The level of violence against women continues at appalling rates. More than 2.5 million women experience violence each year, including domestic abuse, rape, harassment, and other forms of gender-based attacks. Four women in the United States die every day by domestic violence. One woman is raped every 45 seconds in the United States. Over time, that comes out to at least one in every three women facing violence in this country over their lives.

These statistics would be much higher if all incidents were reported. It is estimated that only 40 percent of sexual assaults are reported, due to women not wanting to risk the shame, blame or indifference of the police, the courts and society-at-large.

Still without the right to choose

At the same time, millions of women across the country are uninsured or underinsured.

The current Health Care Reform Bill had originally allocated some funding for legal abortions, but that money has been stripped away. In November, by a vote of 240-194, the Democrat-controlled House passed the Stupak-Pitts amendment, which contains language that effectively bars access to safe abortions for working-class women except in cases of rape, incest or to save the life of the mother.

The amendment, sponsored by Democrat Bart Stupak and Republican Joe Pitts, prohibits the use of any federal funds toward a health care plan that covers abortion. It unrealistically allows insurance companies to offer costly supplemental insurance to cover abortion that can be purchased separately by individuals.

If Stupak-Pitts becomes part of a final health care bill signed into law, it will make access to safe abortions an exclusive privilege of the wealthier sectors of society—those who are not suffering from the health care crisis as it is. It represents a great attack on the gains of the women’s right movement and the historic 1973 Roe v. Wade Supreme Court ruling.
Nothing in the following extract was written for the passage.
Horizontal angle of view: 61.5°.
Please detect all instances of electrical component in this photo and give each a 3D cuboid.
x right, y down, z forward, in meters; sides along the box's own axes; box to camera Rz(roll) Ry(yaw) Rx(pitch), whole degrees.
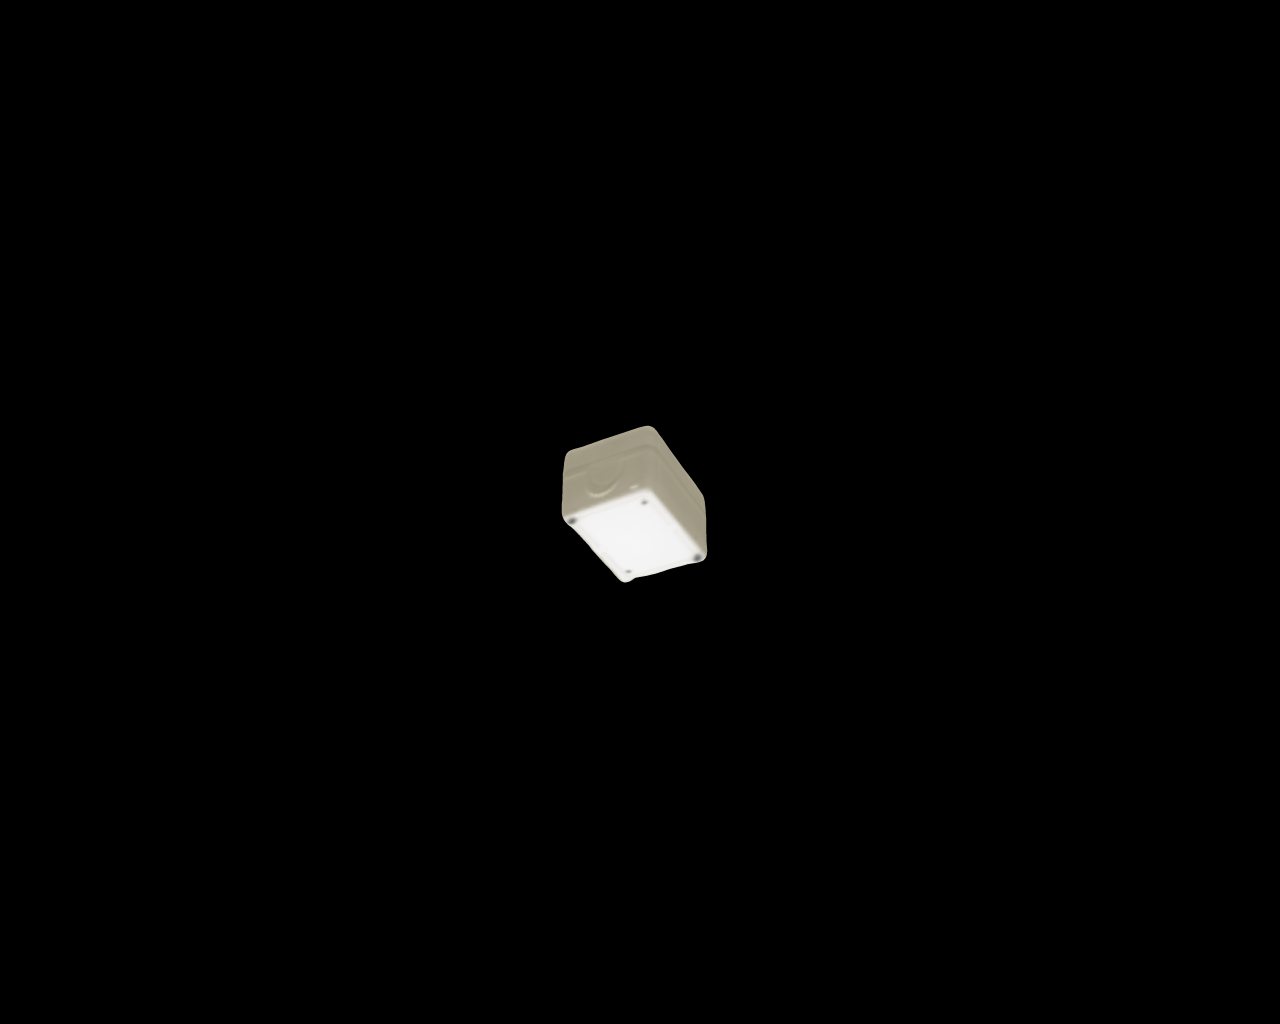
[{"bbox_3d":[0.001,-0.003,0.650,0.061,0.061,0.096,-17,-41,21],"label":"electrical component"}]

Medicaid, which covers one in 10 women and one in five low-income women, has allowed some coverage of abortion for women who qualify, but it has never provided enough. With the national average cost of first-term abortions being $490, this “protected right” has still been largely out of the reach of most working-class women.
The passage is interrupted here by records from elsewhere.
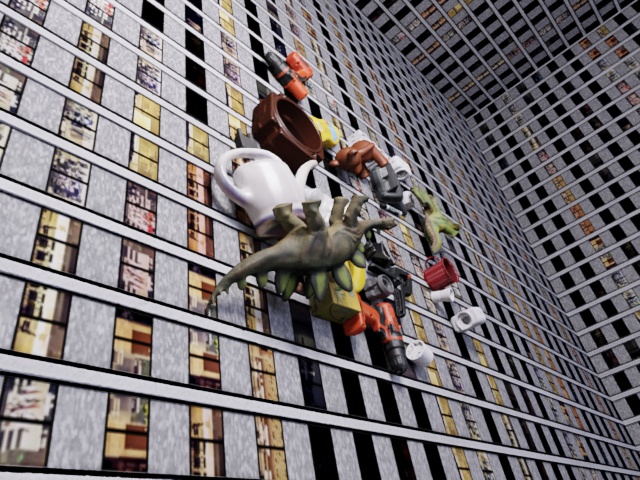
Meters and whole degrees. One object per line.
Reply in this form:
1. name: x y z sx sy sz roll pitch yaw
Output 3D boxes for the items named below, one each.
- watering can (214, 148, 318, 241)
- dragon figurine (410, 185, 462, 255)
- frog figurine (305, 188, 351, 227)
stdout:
1. watering can: -0.083 -0.111 1.161 0.349 0.102 0.227 -6 65 -50
2. dragon figurine: 0.389 -0.085 1.852 0.244 0.121 0.413 55 22 6
3. frog figurine: 0.004 -0.065 1.295 0.159 0.120 0.141 9 50 -6

All this points to the fact that women above all are in desperate need of universal health care, which allows free abortion on demand, extensive paid family leave, and maternity care geared towards the well-being of the patients and not towards profits for the medical care industry and insurance companies.

Fighting for equality

Millions of women have successfully fought for the right to vote, the right to abortions and better working conditions. We have played critical roles in the struggle for liberation in Latin America, Africa, Asia, the Caribbean, and the entire world.

Women have played an integral part in every struggle for progress, including civil rights, labor rights, immigrant rights, and against imperialist war. In the face of the constant threats and harassment against the LGBT community, women have stood up for their right to live and love freely. Women worldwide have shown that we can and will be leaders and organizers.

But we can find no real equality under the capitalist system, which is rooted in exploitation, squeezing workers for every last cent of profit, while dividing us on the basis of gender, nationality and sexual orientation. The system of patriarchy, which has existed for thousands of years, cannot be effectively dismantled within the confines of such a system.

Working-class women face problems and forms of oppression that working-class men do not. But our liberation requires the overthrow of the social system, and thus requires unity with working-class men who will join with us as equals in our common struggle.

That is the true legacy of International Women’s Day: the fight for women’s liberation and the fight for socialism!